There’s a battered copy of A Clockwork Orange littering every teenage boy’s bedroom, and Aldous Huxley and Kurt Vonnegut are just a few of many iconic names to have reached literary classic status.

But science fiction didn’t die with H.G. Wells. If you don’t know your Brandon Sanderson from your Brian Staveley, here are 11 authors you might be missing out on.

1. Lauren Beukes

Beukes’ award winning 2010 novel Zoo City was critically acclaimed, and the South African author didn’t disappoint with last year’s follow up Broken Monsters. In a city that represents the death of the American dream, a killer is on the loose.
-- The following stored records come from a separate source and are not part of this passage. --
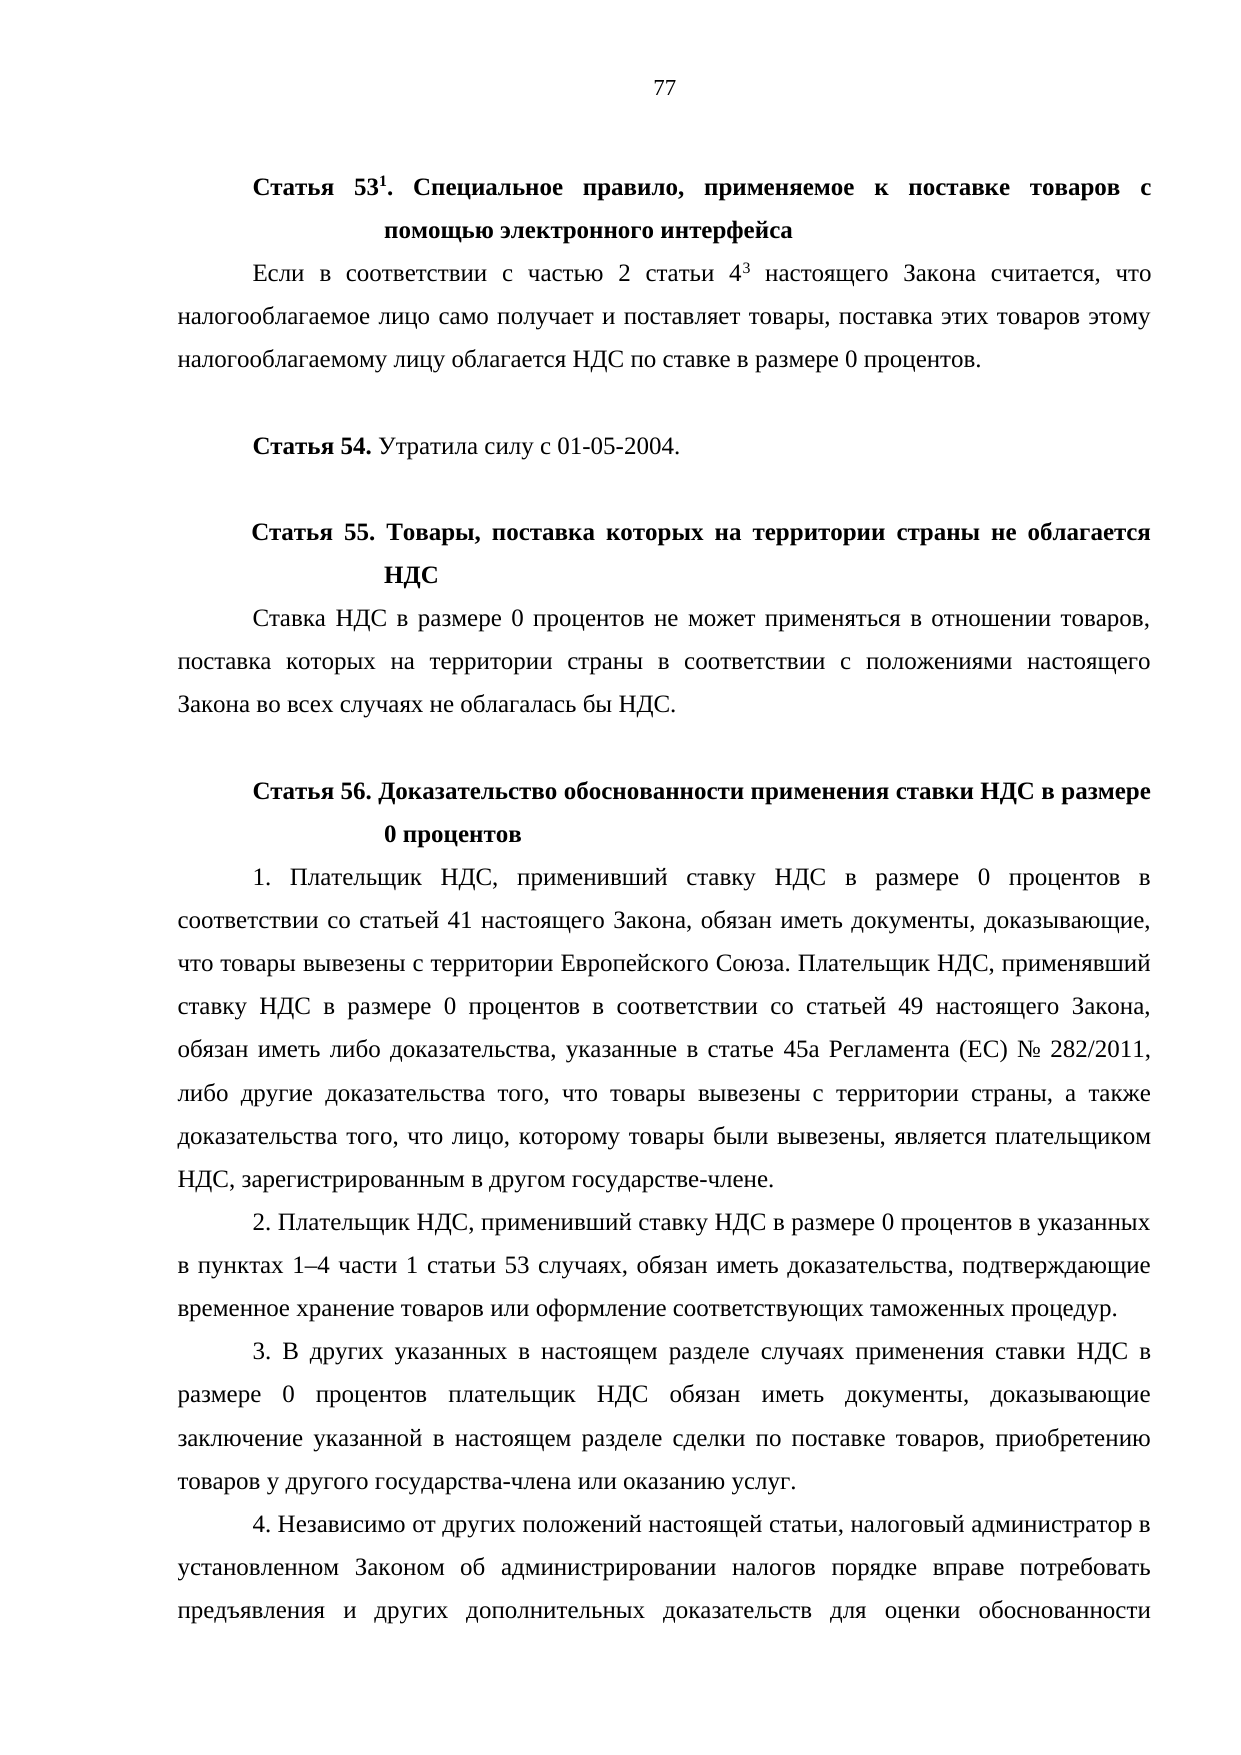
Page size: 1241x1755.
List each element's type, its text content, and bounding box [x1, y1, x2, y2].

text 4. Независимо от других положений настоящей статьи, налоговый администратор в установленном Законом об администрировании налогов порядке вправе потребовать предъявления и других дополнительных доказательств для оценки обоснованности [177, 1509, 1152, 1624]
text Статья 56. Доказательство обоснованности применения ставки НДС в размере 0 процентов [252, 776, 1152, 848]
text Ставка НДС в размере 0 процентов не может применяться в отношении товаров, поставка которых на территории страны в соответствии с положениями настоящего Закона во всех случаях не облагалась бы НДС. [177, 603, 1152, 718]
text 3. В других указанных в настоящем разделе случаях применения ставки НДС в размере 0 процентов плательщик НДС обязан иметь документы, доказывающие заключение указанной в настоящем разделе сделки по поставке товаров, приобретению товаров у другого государства-члена или оказанию услуг. [177, 1336, 1152, 1494]
text Если в соответствии с частью 2 статьи 43 настоящего Закона считается, что налогооблагаемое лицо само получает и поставляет товары, поставка этих товаров этому налогооблагаемому лицу облагается НДС по ставке в размере 0 процентов. [177, 258, 1152, 373]
text 2. Плательщик НДС, применивший ставку НДС в размере 0 процентов в указанных в пунктах 1–4 части 1 статьи 53 случаях, обязан иметь доказательства, подтверждающие временное хранение товаров или оформление соответствующих таможенных процедур. [177, 1207, 1152, 1322]
text 1. Плательщик НДС, применивший ставку НДС в размере 0 процентов в соответствии со статьей 41 настоящего Закона, обязан иметь документы, доказывающие, что товары вывезены с территории Европейского Союза. Плательщик НДС, применявший ставку НДС в размере 0 процентов в соответствии со статьей 49 настоящего Закона, обязан иметь либо доказательства, указанные в статье 45а Регламента (ЕС) № 282/2011, либо другие доказательства того, что товары вывезены с территории страны, а также доказательства того, что лицо, которому товары были вывезены, является плательщиком НДС, зарегистрированным в другом государстве-члене. [177, 862, 1152, 1193]
text Статья 531. Специальное правило, применяемое к поставке товаров с помощью электронного интерфейса [252, 172, 1152, 244]
text Статья 55. Товары, поставка которых на территории страны не облагается НДС [251, 517, 1152, 589]
text Статья 54. Утратила силу с 01-05-2004. [177, 431, 1152, 459]
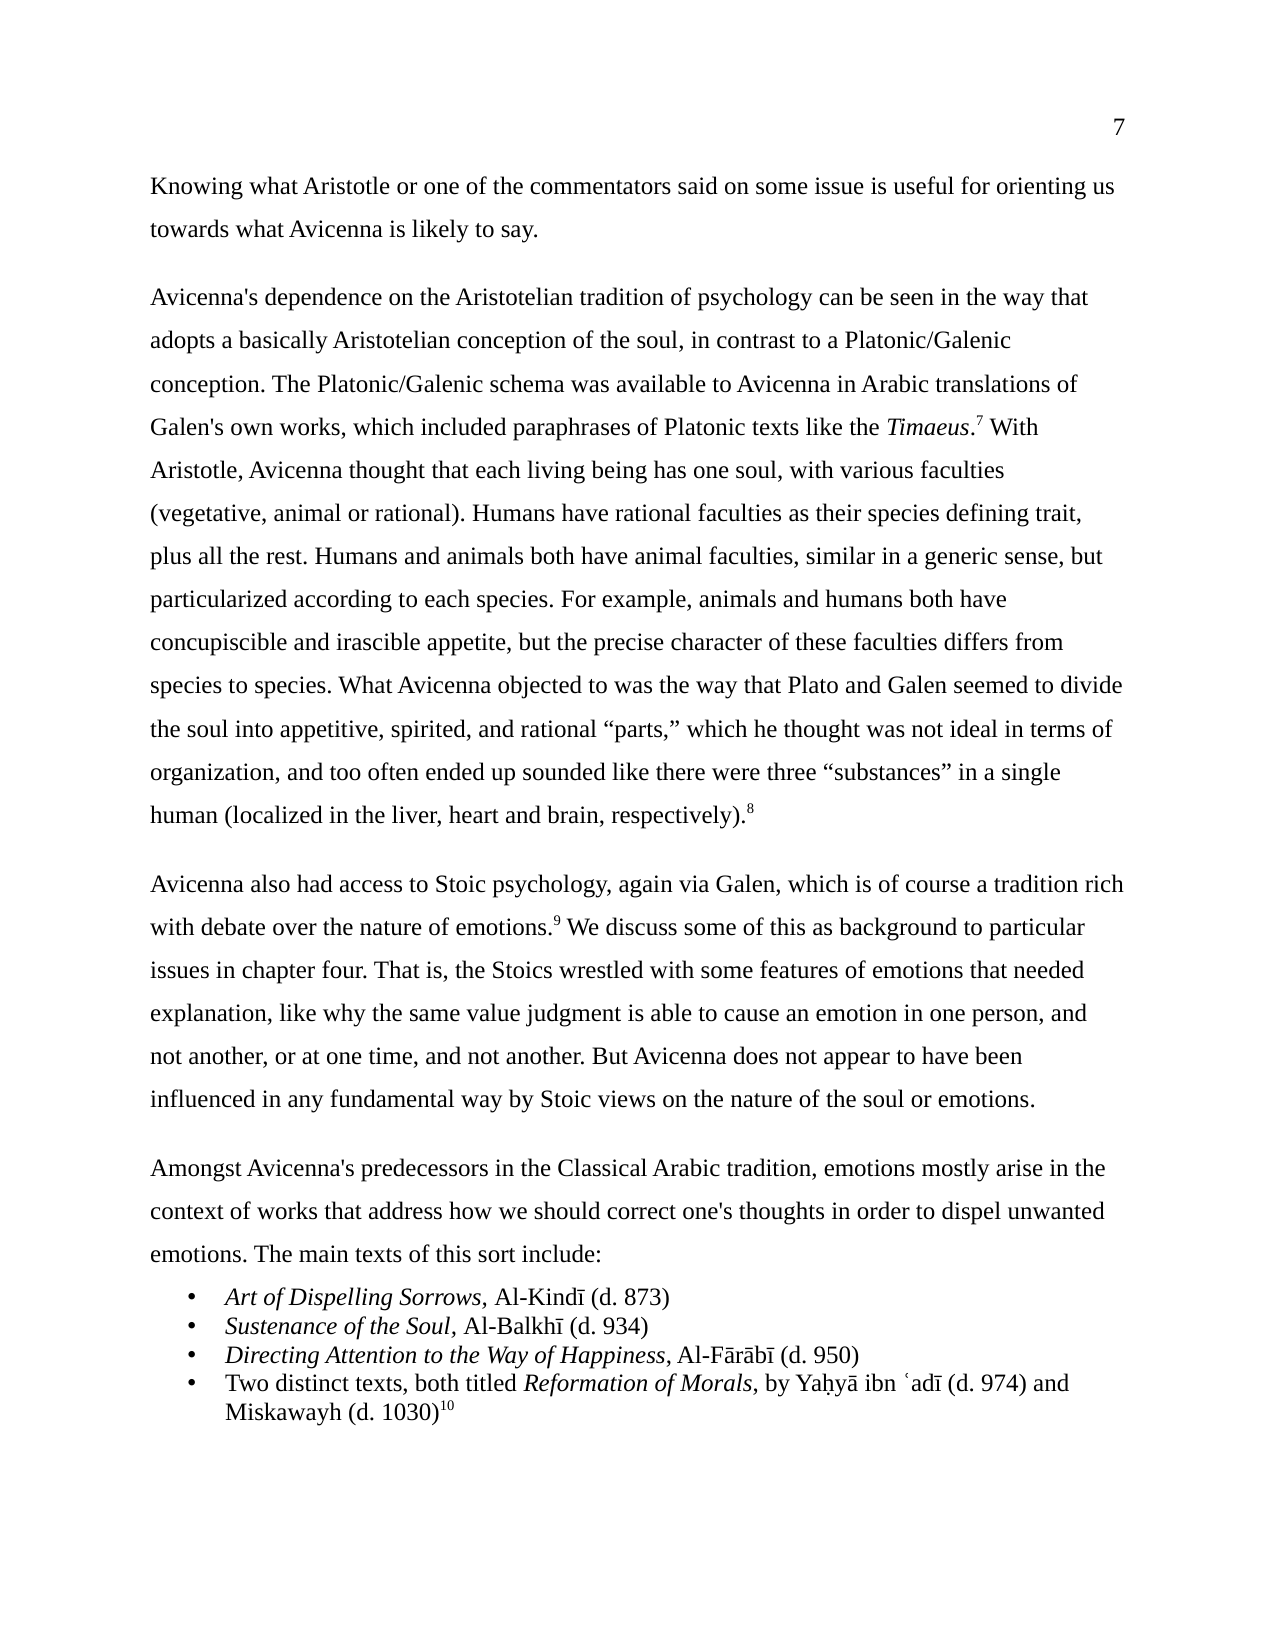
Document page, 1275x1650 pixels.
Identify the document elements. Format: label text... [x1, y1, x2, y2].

list Sustenance of the Soul, Al-Balkhī (d. 934) [187, 1311, 1125, 1340]
text Knowing what Aristotle or one of the commentators said on some issue is useful for orienting us towards what Avicenna is likely to say. [150, 171, 1125, 243]
list Two distinct texts, both titled Reformation of Morals, by Yaḥyā ibn ʿadī (d. 974) and Miskawayh (d. 1030) [187, 1368, 1125, 1426]
text Avicenna also had access to Stoic psychology, again via Galen, which is of course a tradition rich with debate over the nature of emotions. We discuss some of this as background to particular issues in chapter four. That is, the Stoics wrestled with some features of emotions that needed explanation, like why the same value judgment is able to cause an emotion in one person, and not another, or at one time, and not another. But Avicenna does not appear to have been influenced in any fundamental way by Stoic views on the nature of the soul or emotions. [150, 869, 1125, 1113]
list Directing Attention to the Way of Happiness, Al-Fārābī (d. 950) [187, 1340, 1125, 1368]
text Amongst Avicenna's predecessors in the Classical Arabic tradition, emotions mostly arise in the context of works that address how we should correct one's thoughts in order to dispel unwanted emotions. The main texts of this sort include: [150, 1153, 1125, 1268]
text Avicenna's dependence on the Aristotelian tradition of psychology can be seen in the way that adopts a basically Aristotelian conception of the soul, in contrast to a Platonic/Galenic conception. The Platonic/Galenic schema was available to Avicenna in Arabic translations of Galen's own works, which included paraphrases of Platonic texts like the Timaeus. With Aristotle, Avicenna thought that each living being has one soul, with various faculties (vegetative, animal or rational). Humans have rational faculties as their species defining trait, plus all the rest. Humans and animals both have animal faculties, similar in a generic sense, but particularized according to each species. For example, animals and humans both have concupiscible and irascible appetite, but the precise character of these faculties differs from species to species. What Avicenna objected to was the way that Plato and Galen seemed to divide the soul into appetitive, spirited, and rational “parts,” which he thought was not ideal in terms of organization, and too often ended up sounded like there were three “substances” in a single human (localized in the liver, heart and brain, respectively). [150, 282, 1125, 829]
list Art of Dispelling Sorrows, Al-Kindī (d. 873) [187, 1282, 1125, 1311]
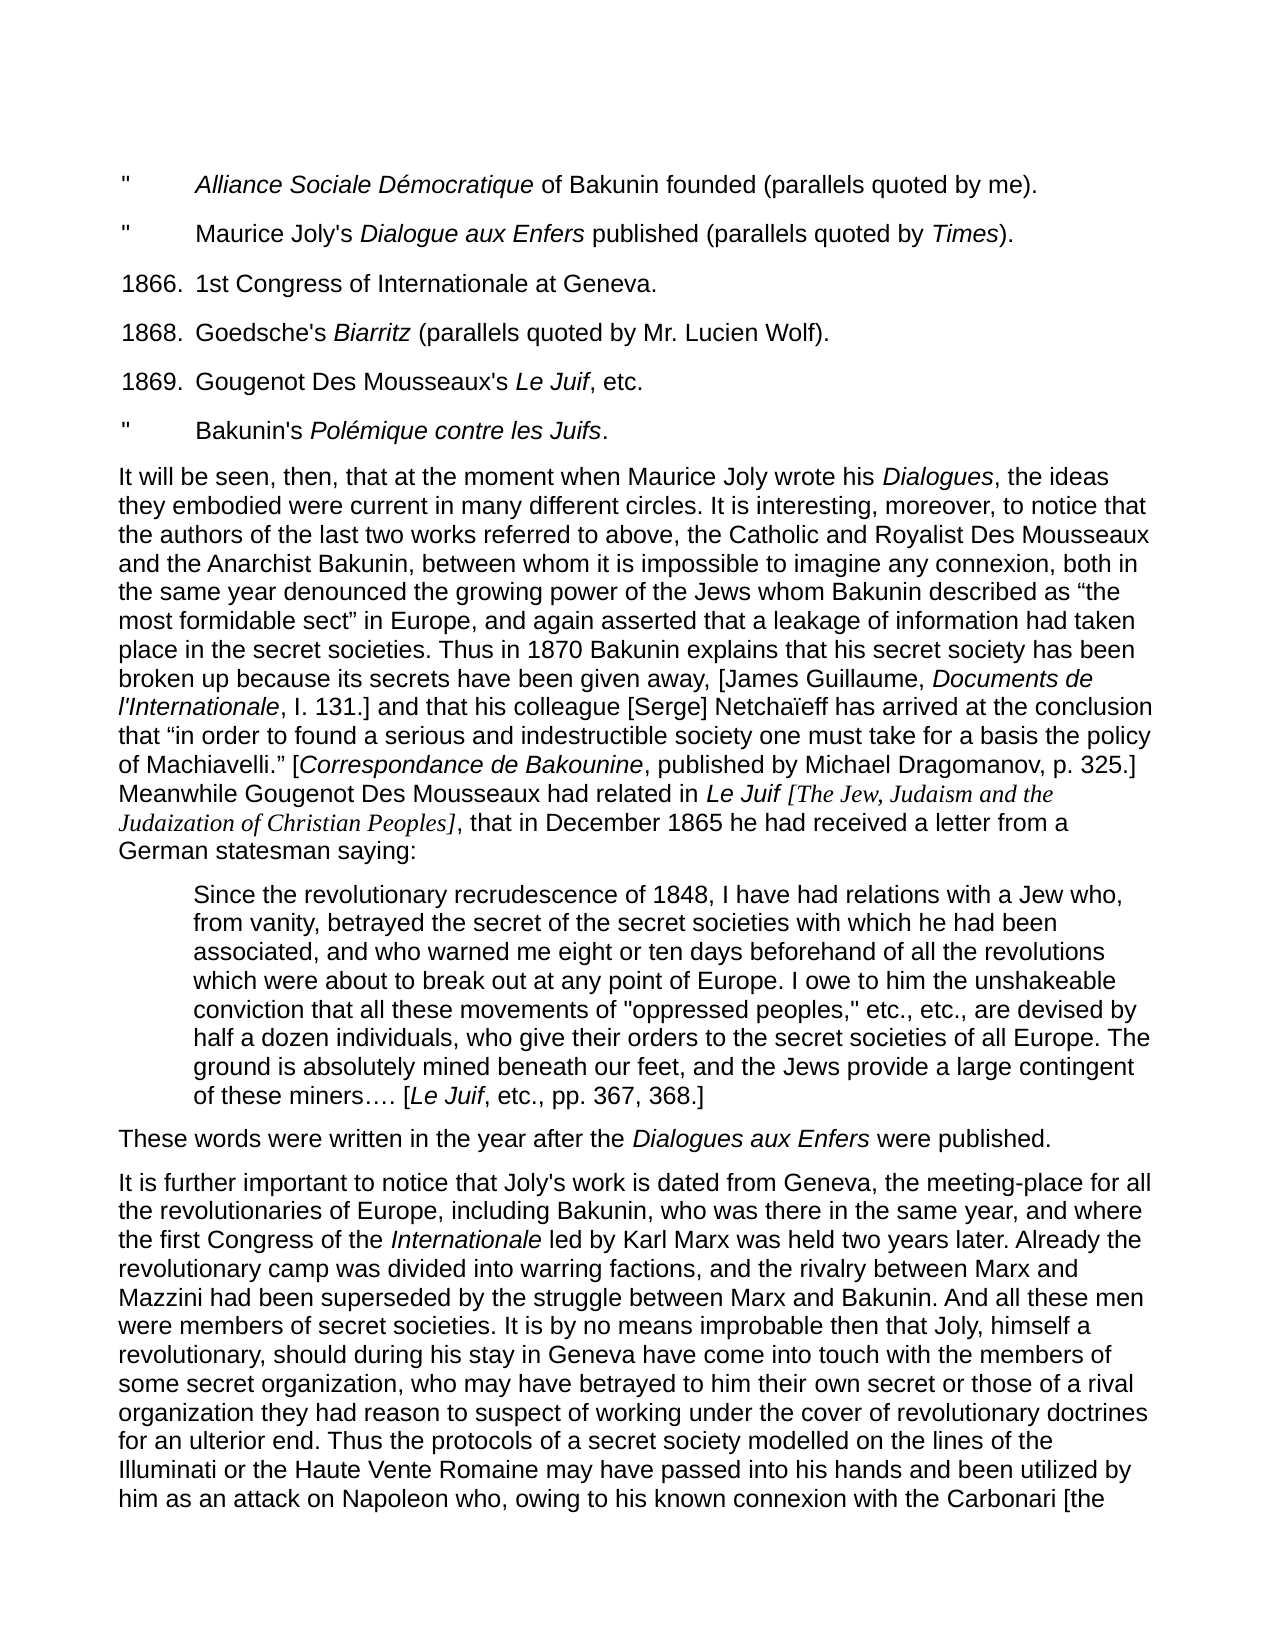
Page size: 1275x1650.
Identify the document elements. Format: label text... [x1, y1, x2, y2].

table_cell " [118, 216, 192, 266]
table_cell 1868. [118, 315, 192, 364]
text These words were written in the year after the Dialogues aux Enfers were published. [118, 1124, 1157, 1153]
table_cell [118, 118, 192, 167]
table_cell Gougenot Des Mousseaux's Le Juif, etc. [192, 364, 1157, 413]
text It will be seen, then, that at the moment when Maurice Joly wrote his Dialogues, the ideas they embodied were current in many different circles. It is interesting, moreover, to notice that the authors of the last two works referred to above, the Catholic and Royalist Des Mousseaux and the Anarchist Bakunin, between whom it is impossible to imagine any connexion, both in the same year denounced the growing power of the Jews whom Bakunin described as “the most formidable sect” in Europe, and again asserted that a leakage of information had taken place in the secret societies. Thus in 1870 Bakunin explains that his secret society has been broken up because its secrets have been given away, [James Guillaume, Documents de l'Internationale, I. 131.] and that his colleague [Serge] Netchaïeff has arrived at the conclusion that “in order to found a serious and indestructible society one must take for a basis the policy of Machiavelli.” [Correspondance de Bakounine, published by Michael Dragomanov, p. 325.] Meanwhile Gougenot Des Mousseaux had related in Le Juif [The Jew, Judaism and the Judaization of Christian Peoples], that in December 1865 he had received a letter from a German statesman saying: [118, 462, 1157, 865]
table_cell " [118, 167, 192, 216]
table_cell 1st Congress of Internationale at Geneva. [192, 266, 1157, 315]
table_cell 1866. [118, 266, 192, 315]
text It is further important to notice that Joly's work is dated from Geneva, the meeting-place for all the revolutionaries of Europe, including Bakunin, who was there in the same year, and where the first Congress of the Internationale led by Karl Marx was held two years later. Already the revolutionary camp was divided into warring factions, and the rivalry between Marx and Mazzini had been superseded by the struggle between Marx and Bakunin. And all these men were members of secret societies. It is by no means improbable then that Joly, himself a revolutionary, should during his stay in Geneva have come into touch with the members of some secret organization, who may have betrayed to him their own secret or those of a rival organization they had reason to suspect of working under the cover of revolutionary doctrines for an ulterior end. Thus the protocols of a secret society modelled on the lines of the Illuminati or the Haute Vente Romaine may have passed into his hands and been utilized by him as an attack on Napoleon who, owing to his known connexion with the Carbonari [the [118, 1168, 1157, 1513]
table_cell Maurice Joly's Dialogue aux Enfers published (parallels quoted by Times). [192, 216, 1157, 266]
table_cell [192, 118, 1157, 167]
table_cell Goedsche's Biarritz (parallels quoted by Mr. Lucien Wolf). [192, 315, 1157, 364]
table_cell Alliance Sociale Démocratique of Bakunin founded (parallels quoted by me). [192, 167, 1157, 216]
table_cell Bakunin's Polémique contre les Juifs. [192, 413, 1157, 462]
text Since the revolutionary recrudescence of 1848, I have had relations with a Jew who, from vanity, betrayed the secret of the secret societies with which he had been associated, and who warned me eight or ten days beforehand of all the revolutions which were about to break out at any point of Europe. I owe to him the unshakeable conviction that all these movements of "oppressed peoples," etc., etc., are devised by half a dozen individuals, who give their orders to the secret societies of all Europe. The ground is absolutely mined beneath our feet, and the Jews provide a large contingent of these miners…. [Le Juif, etc., pp. 367, 368.] [193, 880, 1157, 1110]
table_cell " [118, 413, 192, 462]
table_cell 1869. [118, 364, 192, 413]

It’s well worth a read, but if you don’t believe us, listen to Stephen King. He said of Broken Monsters: ‘Scary as hell and hypnotic. I couldn’t put it down…I’d grab it if I were you.’

2. China Mieville

The self described ‘weird fiction’ author has dominated the New Weird scene in recent years. The City and the City (2009) won him his third Arthur C. Clarke Award, among others, and frequently tops must-read lists. A crime novel with a difference, Mieville straddles genres with influences including H. P. Lovecraft and Ursula K. Le Guin.

3. Pierce Brown

A New York Times bestseller in 2015, Golden Son is the second book in the Red Rising trilogy from debut author Brown. The series follows Darrow, a miner on Mars, who just happens to be humanity’s last chance of survival. Catch up now before the final installment, Morning Star, hits the shelves this month.

4. Ann Leckie

Another trilogy, this time a vivid space opera from debut American author Leckie. The first book in the Ancillary series, Ancillary Justice (2013), earned her a clutch of awards, including the Arthur C. Clarke Award, but that’s not the only reason to pick her up. No other novelist on this list has captured the zeitgeist quite so clearly as Leckie has.

5. Neil Gaiman

Multiple bestselling author Gaiman is no stranger to success, his award winning American Gods is one of the most talked about books of the decade, but still many readers have missed him. His newest collection of short fiction, 2015’s Trigger Warning, returns to a tried and tested formula. The blend of sci-fi and fairy tale includes previously published pieces and new writing, but is an effective opening into Gaiman’s world.

(Picture: Amazon)

6. Geoff Ryman

Critically acclaimed Air won Ryman his second Arthur C. Clarke Award in 2004 and tells the story of a woman in a remote village in Central Asia who suddenly finds her brain connected to the internet. Gripping, humane and powerful, you won’t be able to put it down.

7. Paulo Bacigalupi

A powerful and controversial novel, The Wind Up Girl shared a Hugo Award with China Mieville’s The City and the City in 2009. Bacigalupi’s sixth novel, The Water Knife, came out in May and is set in a near-future America where a drought has blighted the southwest. Both paint vivid and harrowing pictures of life after an ecological disaster that seems to be inevitable today.

8. Paul McAuley

McAuley is part of the British boom in sci-fi that has focused on revisiting old classic styles and updating them. A proponent of hard sci-fi, McAuley’s The Quiet War Series does this better than almost anyone else. The final of the four books, Evening’s Empires, was published in 2013 and picks up 1, 500 years after the first, as the descendants of warring colonists are picking out lives across the solar system. If you like your sci-fi hard on the science, McAuley’s for you.

9. Ernest Cline

Cline had phenomenal success with 2011’s Ready Player One, a love note to classic gaming that defined modern geek culture. He returned in July with a surprising thriller, a coming of age, space-fighting adventure which will thrill sci-fi fans and gamers alike.

10. David Anthony Durham

Durham shrugged off his literary historian’s coat with a flourish when he published the first of Acacia Trilogy novels in 2007. The fantasy sci-fi epic he produced is set in the Akaran Utopia, a world mired in corruption, slavery, drugs and deception. Big in Durham’s native America, the series is long overdue a look over here.

11. Adam Roberts

Classic sci-fi meets hard-boiled crime in Roberts’ soon-to-be classic Jack Glass (2012). The Cambridge University academic made his name in 2000 with his debut novel Salt and has since established himself as a prolific and popular author.The three-time Arthur C. Clarke Award nominee is a joy to read.